Most strings in an app are probably ASCII. Even if the app is localized into a non-ASCII language, strings are used for far more than just displaying UI. They're used for URL components, file extensions, object keys, property list values, and much more. The UTF-8
encoding is an ASCII-compatible encoding that encodes each ASCII character as a single byte, while using up to four bytes for other Unicode code points. We can fit seven bytes in the 60
bits allotted to us, with 4
bits left over to use as a length. This allows our tagged strings to hold seven ASCII characters, or somewhat fewer non-ASCII characters, depending on exactly what they are.
If we're optimizing for ASCII, we might as well drop full Unicode support altogether. Strings containing non-ASCII characters can use real objects, after all. ASCII is a seven-bit encoding, so what if we allot only 7
bits per character? That lets us store up to eight ASCII characters in the 60
bits available, plus 4
bits left over for the length. This is starting to sound useful. There are probably a lot of strings in an app which are pure ASCII and contain eight characters or fewer.

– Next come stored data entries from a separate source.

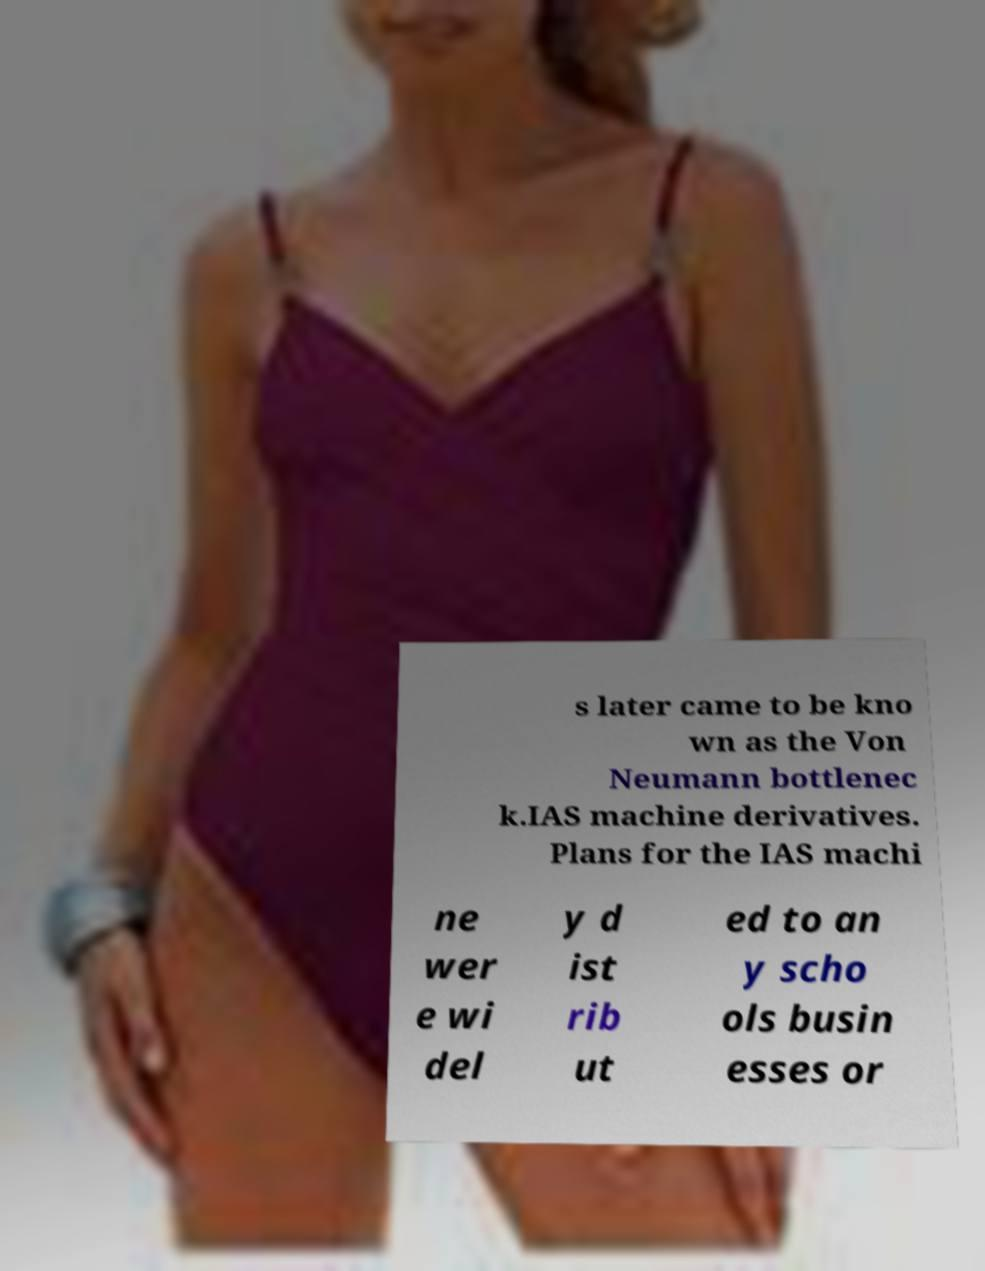There's text embedded in this image that I need extracted. Can you transcribe it verbatim? s later came to be kno wn as the Von Neumann bottlenec k.IAS machine derivatives. Plans for the IAS machi ne wer e wi del y d ist rib ut ed to an y scho ols busin esses or 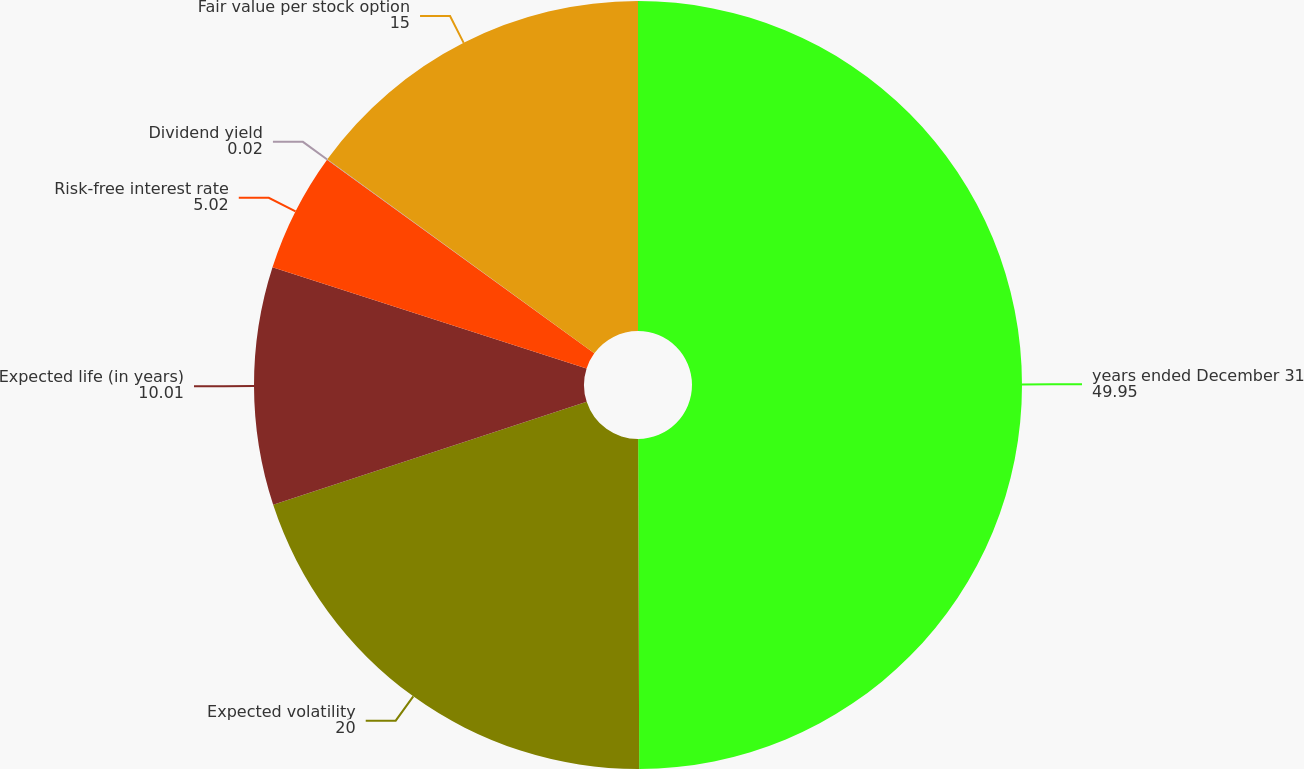Convert chart to OTSL. <chart><loc_0><loc_0><loc_500><loc_500><pie_chart><fcel>years ended December 31<fcel>Expected volatility<fcel>Expected life (in years)<fcel>Risk-free interest rate<fcel>Dividend yield<fcel>Fair value per stock option<nl><fcel>49.95%<fcel>20.0%<fcel>10.01%<fcel>5.02%<fcel>0.02%<fcel>15.0%<nl></chart> 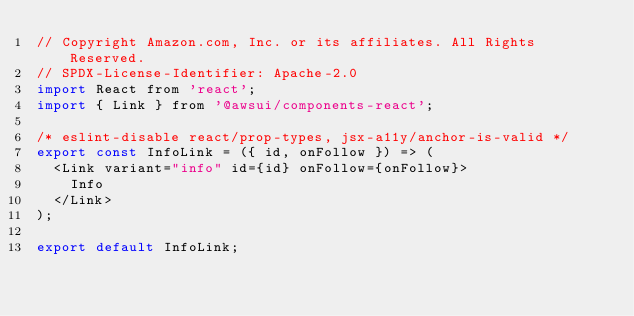Convert code to text. <code><loc_0><loc_0><loc_500><loc_500><_JavaScript_>// Copyright Amazon.com, Inc. or its affiliates. All Rights Reserved.
// SPDX-License-Identifier: Apache-2.0
import React from 'react';
import { Link } from '@awsui/components-react';

/* eslint-disable react/prop-types, jsx-a11y/anchor-is-valid */
export const InfoLink = ({ id, onFollow }) => (
  <Link variant="info" id={id} onFollow={onFollow}>
    Info
  </Link>
);

export default InfoLink;
</code> 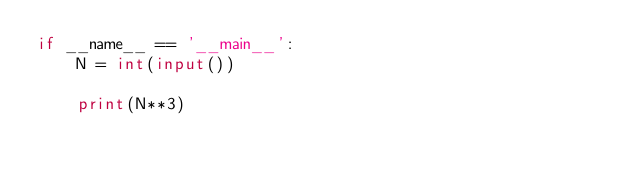Convert code to text. <code><loc_0><loc_0><loc_500><loc_500><_Python_>if __name__ == '__main__':
    N = int(input())
    
    print(N**3)
    </code> 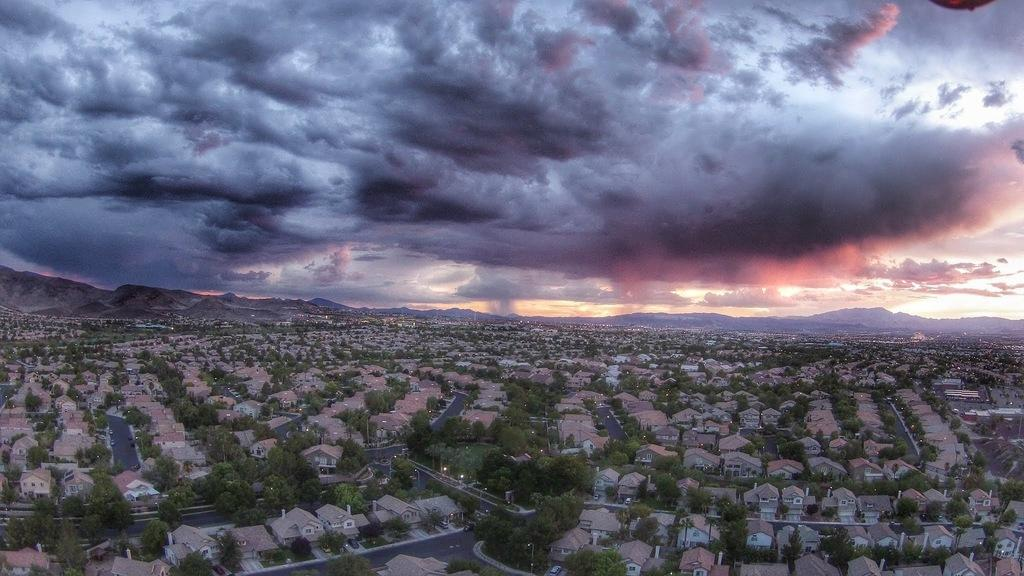What type of structures are present in the image? There are houses in the image. What other natural elements can be seen in the image? There are trees and hills visible in the image. What man-made features are present in the image? There are roads visible in the image. What can be seen in the sky in the background of the image? There are clouds in the sky in the background of the image. Where is the swing located in the image? There is no swing present in the image. What type of stocking is hanging on the trees in the image? There are no stockings hanging on the trees in the image. 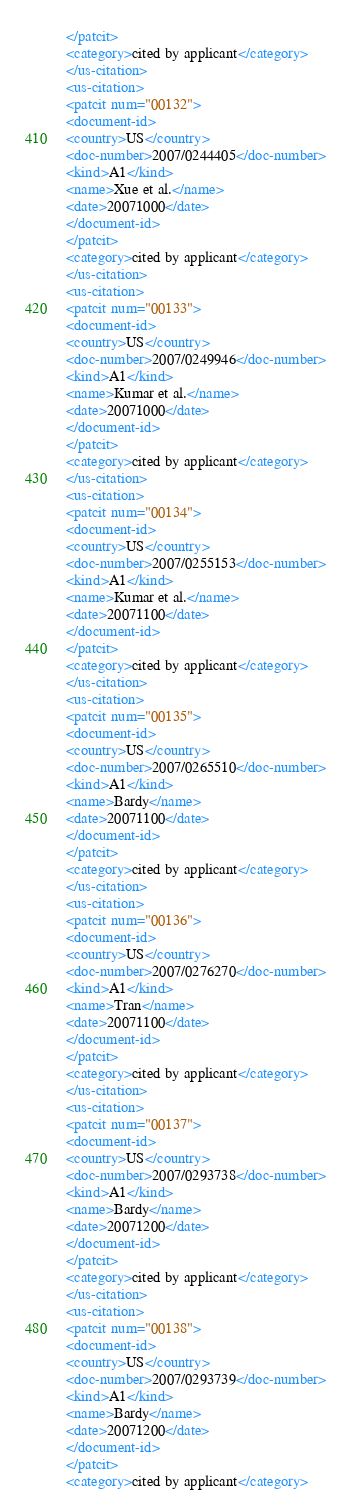Convert code to text. <code><loc_0><loc_0><loc_500><loc_500><_XML_></patcit>
<category>cited by applicant</category>
</us-citation>
<us-citation>
<patcit num="00132">
<document-id>
<country>US</country>
<doc-number>2007/0244405</doc-number>
<kind>A1</kind>
<name>Xue et al.</name>
<date>20071000</date>
</document-id>
</patcit>
<category>cited by applicant</category>
</us-citation>
<us-citation>
<patcit num="00133">
<document-id>
<country>US</country>
<doc-number>2007/0249946</doc-number>
<kind>A1</kind>
<name>Kumar et al.</name>
<date>20071000</date>
</document-id>
</patcit>
<category>cited by applicant</category>
</us-citation>
<us-citation>
<patcit num="00134">
<document-id>
<country>US</country>
<doc-number>2007/0255153</doc-number>
<kind>A1</kind>
<name>Kumar et al.</name>
<date>20071100</date>
</document-id>
</patcit>
<category>cited by applicant</category>
</us-citation>
<us-citation>
<patcit num="00135">
<document-id>
<country>US</country>
<doc-number>2007/0265510</doc-number>
<kind>A1</kind>
<name>Bardy</name>
<date>20071100</date>
</document-id>
</patcit>
<category>cited by applicant</category>
</us-citation>
<us-citation>
<patcit num="00136">
<document-id>
<country>US</country>
<doc-number>2007/0276270</doc-number>
<kind>A1</kind>
<name>Tran</name>
<date>20071100</date>
</document-id>
</patcit>
<category>cited by applicant</category>
</us-citation>
<us-citation>
<patcit num="00137">
<document-id>
<country>US</country>
<doc-number>2007/0293738</doc-number>
<kind>A1</kind>
<name>Bardy</name>
<date>20071200</date>
</document-id>
</patcit>
<category>cited by applicant</category>
</us-citation>
<us-citation>
<patcit num="00138">
<document-id>
<country>US</country>
<doc-number>2007/0293739</doc-number>
<kind>A1</kind>
<name>Bardy</name>
<date>20071200</date>
</document-id>
</patcit>
<category>cited by applicant</category></code>

Can we take it further? The full ASCII range contains a lot of stuff that isn't frequently used. There are a bunch of control characters, for example, and unusual symbols. Alphanumerics make up most of what's used. What can we squeeze into 6
bits?
6
bits results in 64
possible values. There are 26
letters in the ASCII alphabet. Including both upper and lower case brings it up to 52
. Including all digits 0-9 brings it up to 62
. There are two spots to spare, which we might give to, say, space and period. There are probably a lot of strings which only contain these characters. At 6
bits each, we can fit ten in our 60
bits of storage! But wait! We don't have any leftover bits to store the length. So either we store nine characters plus a length, or we remove one of the 64
possible values (I nominate the space to be the one to go) and use zero as a terminator for strings shorter than ten characters.
How about 5
bits? This isn't totally ludicrous. There are probably a lot of strings which are just lowercase, for example. 5
bits gives 32
possible values. If you include the whole lowercase alphabet, there are 6
extra values, which you could allot to the more common uppercase letters, or some symbols, or digits, or some mix. If you find that some of these other possibilities are more common, you could even remove some of the less common lowercase letters, like q
. 5
bits per character gives eleven characters if we save room for length, or twelve if we borrow a symbol and use a terminator.
Can we take it further? 5
bits is about as far as you can reasonably go with a fixed-size alphabet. You could switch to a variable length encoding, for example using a Huffman code. This would allow the letter e
, which is common, to be encoded with fewer bits than the letter q
. This might allow for as little as 1
bit per character, in the unlikely case that your string is all e
s. This would come at the cost of more complex and presumably slower code.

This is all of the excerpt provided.